*** AVAILABLE DATA Section Begins ***

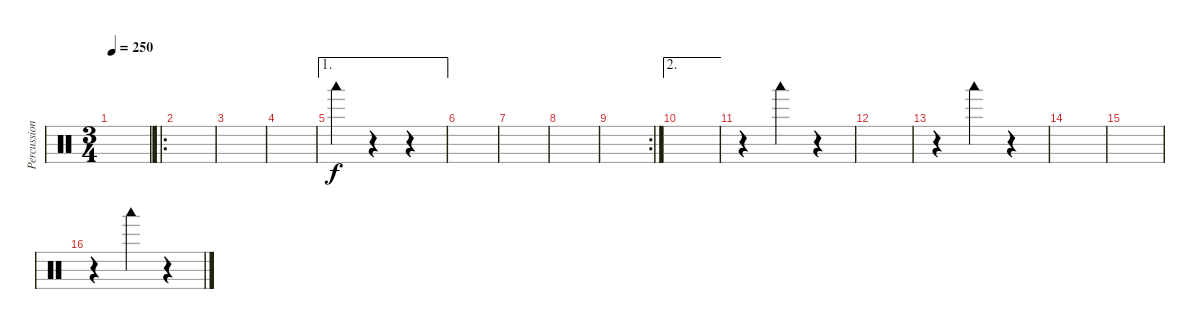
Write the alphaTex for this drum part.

\track ("Percussion" "Percussion") {instrument percussion}
\staff {score}
\articulation defaults
\ts (3 4)
\tempo 250
\clef neutral
\ks c
|
\ro
|
|
|
\ae 1 "Woodblock low (hit)".4
r.4 r.4 |
|
|
|
\rc 2
|
\ae 2
|
r.4 "Woodblock low (hit)".4 r.4 |
|
r.4 "Woodblock low (hit)".4 r.4 |
|
|
r.4 "Woodblock low (hit)".4 r.4
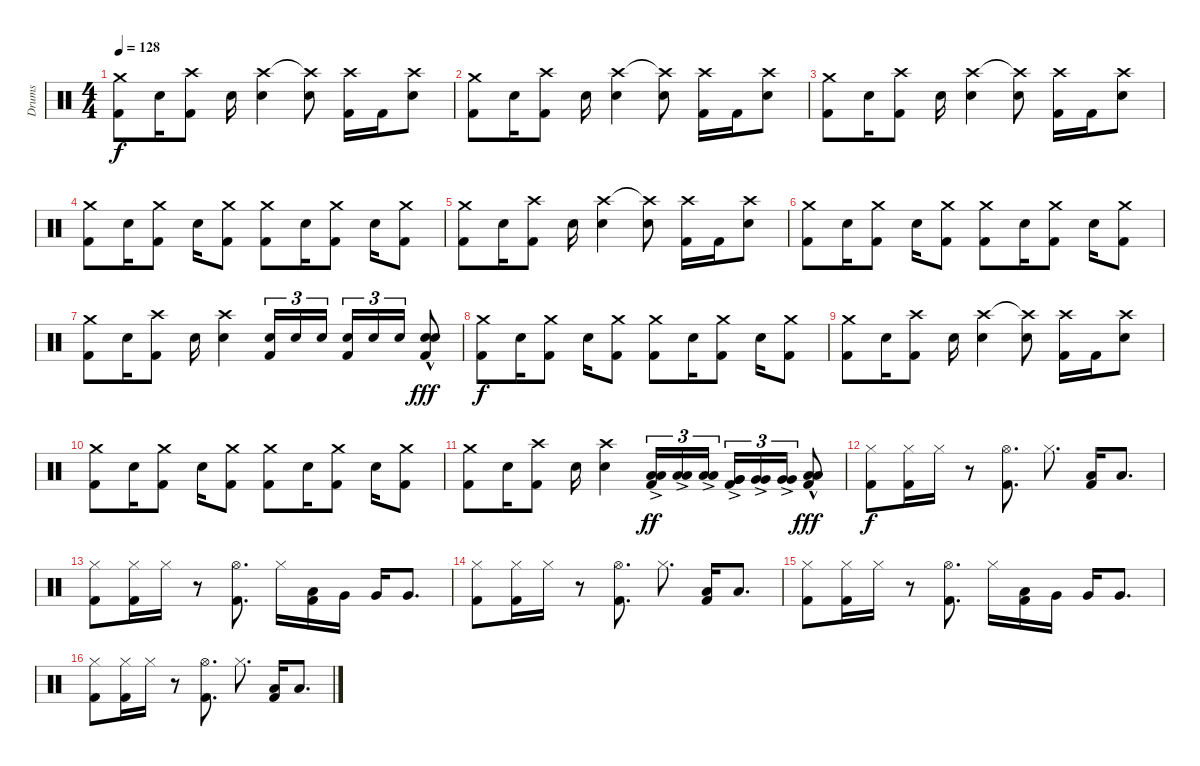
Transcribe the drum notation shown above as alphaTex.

\track ("Drums" "Drums") {instrument percussion}
\staff {score}
\articulation defaults
\ts (4 4)
\tempo 128
\clef neutral
\ks c
("Crash medium (hit)" "Kick (hit) 2").8{dy f} "Snare (hit) 2".16 ("Crash high (hit)" "Kick (hit) 2").8 "Snare (hit) 2".16 ("Crash high (hit)" "Snare (hit) 2").4 ("Crash high (hit)"{t} "Snare (hit) 2").8 ("Crash high (hit)" "Kick (hit) 2").16 "Kick (hit) 2".16 ("Crash high (hit)" "Snare (hit) 2").8 |
("Crash medium (hit)" "Kick (hit) 2").8 "Snare (hit) 2".16 ("Crash high (hit)" "Kick (hit) 2").8 "Snare (hit) 2".16 ("Crash high (hit)" "Snare (hit) 2").4 ("Crash high (hit)"{t} "Snare (hit) 2").8 ("Crash high (hit)" "Kick (hit) 2").16 "Kick (hit) 2".16 ("Crash high (hit)" "Snare (hit) 2").8 |
("Crash medium (hit)" "Kick (hit) 2").8 "Snare (hit) 2".16 ("Crash high (hit)" "Kick (hit) 2").8 "Snare (hit) 2".16 ("Crash high (hit)" "Snare (hit) 2").4 ("Crash high (hit)"{t} "Snare (hit) 2").8 ("Crash high (hit)" "Kick (hit) 2").16 "Kick (hit) 2".16 ("Crash high (hit)" "Snare (hit) 2").8 |
("Crash medium (hit)" "Kick (hit) 2").8 "Snare (hit) 2".16 ("Crash medium (hit)" "Kick (hit) 2").8 "Snare (hit) 2".16 ("Crash medium (hit)" "Kick (hit) 2").8 ("Crash medium (hit)" "Kick (hit) 2").8 "Snare (hit) 2".16 ("Crash medium (hit)" "Kick (hit) 2").8 "Snare (hit) 2".16 ("Crash medium (hit)" "Kick (hit) 2").8 |
("Crash medium (hit)" "Kick (hit) 2").8 "Snare (hit) 2".16 ("Crash high (hit)" "Kick (hit) 2").8 "Snare (hit) 2".16 ("Crash high (hit)" "Snare (hit) 2").4 ("Crash high (hit)"{t} "Snare (hit) 2").8 ("Crash high (hit)" "Kick (hit) 2").16 "Kick (hit) 2".16 ("Crash high (hit)" "Snare (hit) 2").8 |
("Crash medium (hit)" "Kick (hit) 2").8 "Snare (hit) 2".16 ("Crash medium (hit)" "Kick (hit) 2").8 "Snare (hit) 2".16 ("Crash medium (hit)" "Kick (hit) 2").8 ("Crash medium (hit)" "Kick (hit) 2").8 "Snare (hit) 2".16 ("Crash medium (hit)" "Kick (hit) 2").8 "Snare (hit) 2".16 ("Crash medium (hit)" "Kick (hit) 2").8 |
("Crash medium (hit)" "Kick (hit) 2").8 "Snare (hit) 2".16 ("Crash high (hit)" "Kick (hit) 2").8 "Snare (hit) 2".16 ("Crash high (hit)" "Snare (hit) 2").4 ("Snare (hit) 2" "Kick (hit) 2").16{tu (3 2)} "Snare (hit) 2".16{tu (3 2)} "Snare (hit) 2".16{tu (3 2)} ("Snare (hit) 2" "Kick (hit) 2").16{tu (3 2)} "Snare (hit) 2".16{tu (3 2)} "Snare (hit) 2".16{tu (3 2)} ("Snare (hit) 2"{hac} "Snare (hit) 2" "Kick (hit) 2").8{dy fff} |
("Crash medium (hit)" "Kick (hit) 2").8{dy f} "Snare (hit) 2".16 ("Crash medium (hit)" "Kick (hit) 2").8 "Snare (hit) 2".16 ("Crash medium (hit)" "Kick (hit) 2").8 ("Crash medium (hit)" "Kick (hit) 2").8 "Snare (hit) 2".16 ("Crash medium (hit)" "Kick (hit) 2").8 "Snare (hit) 2".16 ("Crash medium (hit)" "Kick (hit) 2").8 |
("Crash medium (hit)" "Kick (hit) 2").8 "Snare (hit) 2".16 ("Crash high (hit)" "Kick (hit) 2").8 "Snare (hit) 2".16 ("Crash high (hit)" "Snare (hit) 2").4 ("Crash high (hit)"{t} "Snare (hit) 2").8 ("Crash high (hit)" "Kick (hit) 2").16 "Kick (hit) 2".16 ("Crash high (hit)" "Snare (hit) 2").8 |
("Crash medium (hit)" "Kick (hit) 2").8 "Snare (hit) 2".16 ("Crash medium (hit)" "Kick (hit) 2").8 "Snare (hit) 2".16 ("Crash medium (hit)" "Kick (hit) 2").8 ("Crash medium (hit)" "Kick (hit) 2").8 "Snare (hit) 2".16 ("Crash medium (hit)" "Kick (hit) 2").8 "Snare (hit) 2".16 ("Crash medium (hit)" "Kick (hit) 2").8 |
("Crash medium (hit)" "Kick (hit) 2").8 "Snare (hit) 2".16 ("Crash high (hit)" "Kick (hit) 2").8 "Snare (hit) 2".16 ("Crash high (hit)" "Snare (hit) 2").4 ("Low Floor Tom (hit)"{ac} "Low Floor Tom (hit)" "Kick (hit) 2").16{tu (3 2) dy ff} ("Low Floor Tom (hit)"{ac} "Low Floor Tom (hit)").16{tu (3 2)} ("Low Floor Tom (hit)"{ac} "Low Floor Tom (hit)").16{tu (3 2)} ("Very Low Tom (hit)"{ac} "Very Low Tom (hit)" "Kick (hit) 2").16{tu (3 2)} ("Very Low Tom (hit)"{ac} "Very Low Tom (hit)").16{tu (3 2)} ("Very Low Tom (hit)"{ac} "Very Low Tom (hit)").16{tu (3 2)} ("Low Tom (hit)"{hac} "Low Tom (hit)" "Kick (hit) 2").8{dy fff} |
("Hi-Hat (closed)" "Kick (hit) 2").8{dy f} ("Hi-Hat (closed)" "Kick (hit) 2").16 "Hi-Hat (closed)".16 r.8 ("Hi-Hat (open)" "Kick (hit) 2").8{d} "Hi-Hat (closed)".8{d} ("Low Tom (hit)" "Kick (hit) 2").16 "Low Tom (hit)".8{d} |
("Hi-Hat (closed)" "Kick (hit) 2").8 ("Hi-Hat (closed)" "Kick (hit) 2").16 "Hi-Hat (closed)".16 r.8 ("Hi-Hat (open)" "Kick (hit) 2").8{d} "Hi-Hat (closed)".16 ("Low Tom (hit)" "Kick (hit) 2").16 "Very Low Tom (hit)".16 "Very Low Tom (hit)".16 "Very Low Tom (hit)".8{d} |
("Hi-Hat (closed)" "Kick (hit) 2").8 ("Hi-Hat (closed)" "Kick (hit) 2").16 "Hi-Hat (closed)".16 r.8 ("Hi-Hat (open)" "Kick (hit) 2").8{d} "Hi-Hat (closed)".8{d} ("Low Tom (hit)" "Kick (hit) 2").16 "Low Tom (hit)".8{d} |
("Hi-Hat (closed)" "Kick (hit) 2").8 ("Hi-Hat (closed)" "Kick (hit) 2").16 "Hi-Hat (closed)".16 r.8 ("Hi-Hat (open)" "Kick (hit) 2").8{d} "Hi-Hat (closed)".16 ("Low Tom (hit)" "Kick (hit) 2").16 "Very Low Tom (hit)".16 "Very Low Tom (hit)".16 "Very Low Tom (hit)".8{d} |
("Hi-Hat (closed)" "Kick (hit) 2").8 ("Hi-Hat (closed)" "Kick (hit) 2").16 "Hi-Hat (closed)".16 r.8 ("Hi-Hat (open)" "Kick (hit) 2").8{d} "Hi-Hat (closed)".8{d} ("Low Tom (hit)" "Kick (hit) 2").16 "Low Tom (hit)".8{d}

*** AVAILABLE DATA Section Ends ***

REQUIRED WORK: Which lines in the data above hold the string "track"? Show each one.

TASK OUTPUT:
\track ("Percussion" "Percussion") {instrument percussion}
\track ("Drums" "Drums") {instrument percussion}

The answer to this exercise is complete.